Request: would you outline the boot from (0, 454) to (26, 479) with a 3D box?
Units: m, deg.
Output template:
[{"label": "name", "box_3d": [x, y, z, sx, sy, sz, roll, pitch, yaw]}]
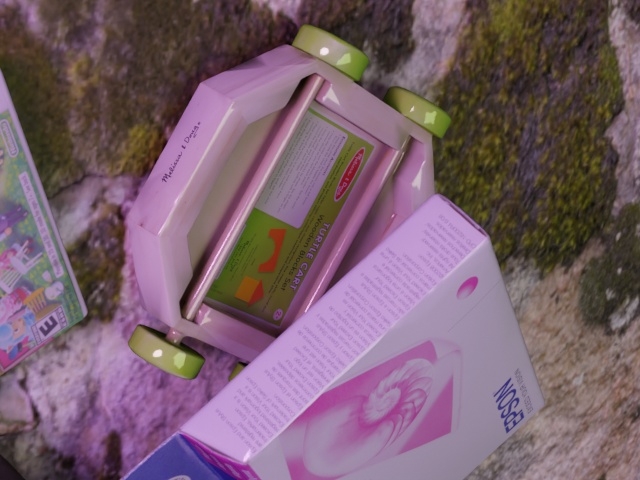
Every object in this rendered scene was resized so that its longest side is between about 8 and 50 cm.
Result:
[{"label": "boot", "box_3d": [-0.234, 0.214, 1.123, 0.305, 0.115, 0.112, 39, 42, -43]}]

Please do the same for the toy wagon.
[{"label": "toy wagon", "box_3d": [0.000, 0.000, 1.275, 0.344, 0.068, 0.267, 28, 92, -50]}]

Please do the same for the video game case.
[{"label": "video game case", "box_3d": [-0.255, 0.019, 1.059, 0.193, 0.023, 0.212, -36, 134, -26]}]

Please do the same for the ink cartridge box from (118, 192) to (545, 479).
[{"label": "ink cartridge box", "box_3d": [0.022, 0.159, 1.303, 0.330, 0.071, 0.324, -43, 151, -8]}]
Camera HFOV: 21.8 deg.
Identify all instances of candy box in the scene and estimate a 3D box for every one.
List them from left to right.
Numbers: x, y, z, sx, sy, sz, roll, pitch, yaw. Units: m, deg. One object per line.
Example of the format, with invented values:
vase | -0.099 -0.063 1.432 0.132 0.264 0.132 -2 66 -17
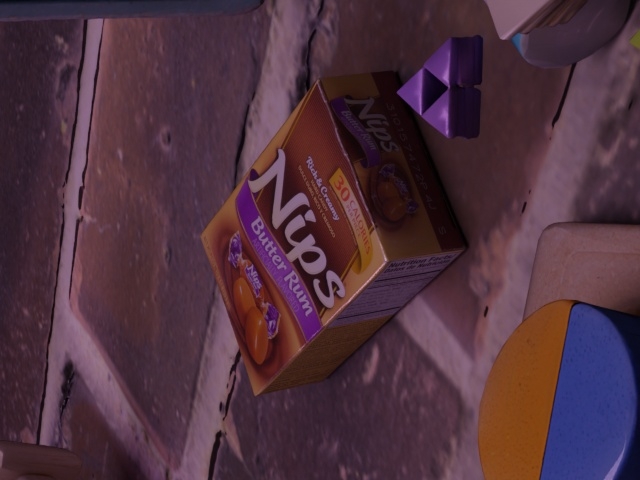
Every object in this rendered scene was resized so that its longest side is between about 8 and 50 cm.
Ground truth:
candy box | 0.000 0.000 0.915 0.186 0.053 0.109 -48 57 53

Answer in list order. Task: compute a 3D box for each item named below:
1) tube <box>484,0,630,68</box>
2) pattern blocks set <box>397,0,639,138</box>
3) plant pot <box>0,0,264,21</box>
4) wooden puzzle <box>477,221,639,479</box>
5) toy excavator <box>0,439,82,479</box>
tube | 0.068 -0.167 0.751 0.080 0.052 0.207 -52 50 34
pattern blocks set | 0.105 -0.181 0.635 0.325 0.026 0.285 -57 45 36
plant pot | -0.178 -0.275 0.962 0.252 0.248 0.247 -127 36 -65
wooden puzzle | 0.135 0.149 0.594 0.348 0.081 0.322 2 79 61
toy excavator | -0.123 0.371 1.083 0.433 0.222 0.445 2 80 41
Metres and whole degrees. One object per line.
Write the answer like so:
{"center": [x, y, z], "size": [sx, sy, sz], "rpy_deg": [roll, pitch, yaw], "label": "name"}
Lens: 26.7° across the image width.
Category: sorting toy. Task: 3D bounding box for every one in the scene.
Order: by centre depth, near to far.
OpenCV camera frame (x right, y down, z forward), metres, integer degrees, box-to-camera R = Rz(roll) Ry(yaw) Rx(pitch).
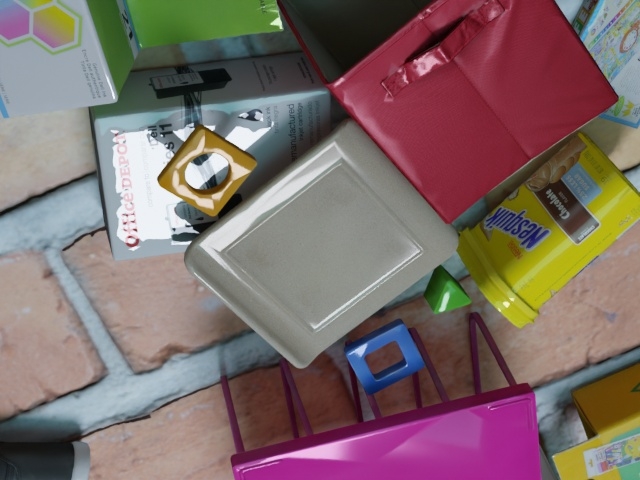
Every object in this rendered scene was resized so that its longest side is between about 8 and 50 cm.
{"center": [0.000, 0.000, 1.205], "size": [0.196, 0.047, 0.348], "rpy_deg": [-40, 124, 8], "label": "sorting toy"}

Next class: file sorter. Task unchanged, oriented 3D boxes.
{"center": [0.056, 0.215, 1.368], "size": [0.291, 0.182, 0.202], "rpy_deg": [-13, 122, -6], "label": "file sorter"}

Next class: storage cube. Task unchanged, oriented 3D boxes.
{"center": [0.101, -0.170, 1.132], "size": [0.184, 0.215, 0.193], "rpy_deg": [-37, 128, 10], "label": "storage cube"}

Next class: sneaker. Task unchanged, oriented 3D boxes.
{"center": [-0.350, 0.322, 1.393], "size": [0.147, 0.104, 0.295], "rpy_deg": [15, 110, -19], "label": "sneaker"}

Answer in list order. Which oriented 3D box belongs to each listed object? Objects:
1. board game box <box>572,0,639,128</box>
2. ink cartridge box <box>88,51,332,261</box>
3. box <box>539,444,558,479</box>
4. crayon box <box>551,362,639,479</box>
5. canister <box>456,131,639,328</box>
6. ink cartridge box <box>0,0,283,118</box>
{"center": [0.286, -0.189, 1.266], "size": [0.103, 0.026, 0.154], "rpy_deg": [14, 117, -20], "label": "board game box"}
{"center": [-0.098, -0.076, 1.211], "size": [0.208, 0.087, 0.153], "rpy_deg": [-8, 123, -8], "label": "ink cartridge box"}
{"center": [0.197, 0.326, 1.522], "size": [0.170, 0.091, 0.130], "rpy_deg": [-23, 123, 2], "label": "box"}
{"center": [0.418, 0.219, 1.511], "size": [0.323, 0.083, 0.203], "rpy_deg": [-24, 123, 1], "label": "crayon box"}
{"center": [0.222, -0.013, 1.302], "size": [0.170, 0.126, 0.073], "rpy_deg": [-43, 120, 11], "label": "canister"}
{"center": [-0.178, -0.210, 1.065], "size": [0.255, 0.097, 0.188], "rpy_deg": [-6, 124, 13], "label": "ink cartridge box"}
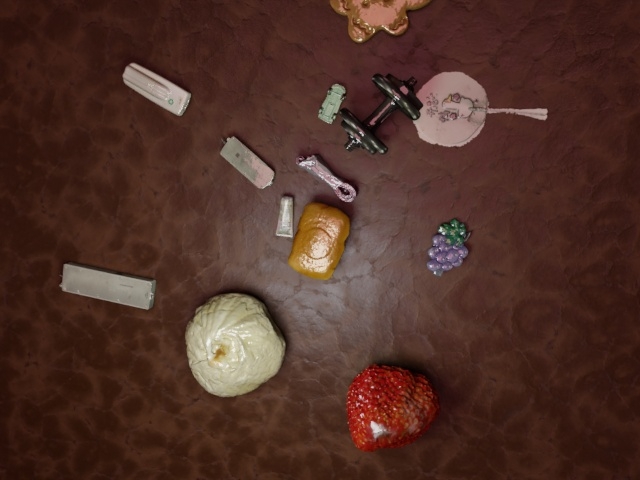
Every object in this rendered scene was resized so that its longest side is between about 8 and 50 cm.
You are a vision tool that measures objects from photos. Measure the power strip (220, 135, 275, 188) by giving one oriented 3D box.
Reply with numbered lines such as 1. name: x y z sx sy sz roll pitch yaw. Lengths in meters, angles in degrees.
1. power strip: -0.246 -0.263 1.769 0.227 0.029 0.080 42 104 -1

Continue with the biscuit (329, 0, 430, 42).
1. biscuit: 0.210 -0.769 1.616 0.355 0.052 0.275 -28 94 12

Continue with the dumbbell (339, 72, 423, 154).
1. dumbbell: 0.179 -0.382 1.610 0.192 0.192 0.290 44 102 -1

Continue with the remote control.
1. remote control: -0.546 -0.506 1.763 0.230 0.049 0.090 30 104 1

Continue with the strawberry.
1. strawberry: 0.216 0.530 1.667 0.312 0.351 0.267 -21 87 16

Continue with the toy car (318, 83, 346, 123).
1. toy car: 0.038 -0.439 1.700 0.059 0.035 0.121 25 93 3

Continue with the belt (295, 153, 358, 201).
1. belt: 0.024 -0.211 1.728 0.232 0.053 0.071 36 109 1

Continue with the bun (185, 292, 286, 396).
1. bun: -0.297 0.361 1.774 0.349 0.227 0.352 34 104 0

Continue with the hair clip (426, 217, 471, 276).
1. hair clip: 0.416 0.025 1.719 0.124 0.052 0.195 20 93 -4

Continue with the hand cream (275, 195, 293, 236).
1. hand cream: -0.114 -0.080 1.780 0.061 0.039 0.143 7 109 0

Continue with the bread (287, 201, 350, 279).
1. bread: 0.000 0.000 1.730 0.174 0.121 0.245 20 103 3

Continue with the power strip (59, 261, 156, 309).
1. power strip: -0.765 0.159 1.900 0.368 0.043 0.106 12 100 6

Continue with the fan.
1. fan: 0.491 -0.407 1.652 0.415 0.012 0.232 2 100 8
*****
[Your task]
Could you set down, exactly as written, the lines above between the one holding "Next class: file" and the one holding "2. ink cartridge box <box>88,51,332,261</box>", inclusive, and nothing more?

[Written response]
Next class: file sorter. Task unchanged, oriented 3D boxes.
{"center": [0.056, 0.215, 1.368], "size": [0.291, 0.182, 0.202], "rpy_deg": [-13, 122, -6], "label": "file sorter"}

Next class: storage cube. Task unchanged, oriented 3D boxes.
{"center": [0.101, -0.170, 1.132], "size": [0.184, 0.215, 0.193], "rpy_deg": [-37, 128, 10], "label": "storage cube"}

Next class: sneaker. Task unchanged, oriented 3D boxes.
{"center": [-0.350, 0.322, 1.393], "size": [0.147, 0.104, 0.295], "rpy_deg": [15, 110, -19], "label": "sneaker"}

Answer in list order. Which oriented 3D box belongs to each listed object? Objects:
1. board game box <box>572,0,639,128</box>
2. ink cartridge box <box>88,51,332,261</box>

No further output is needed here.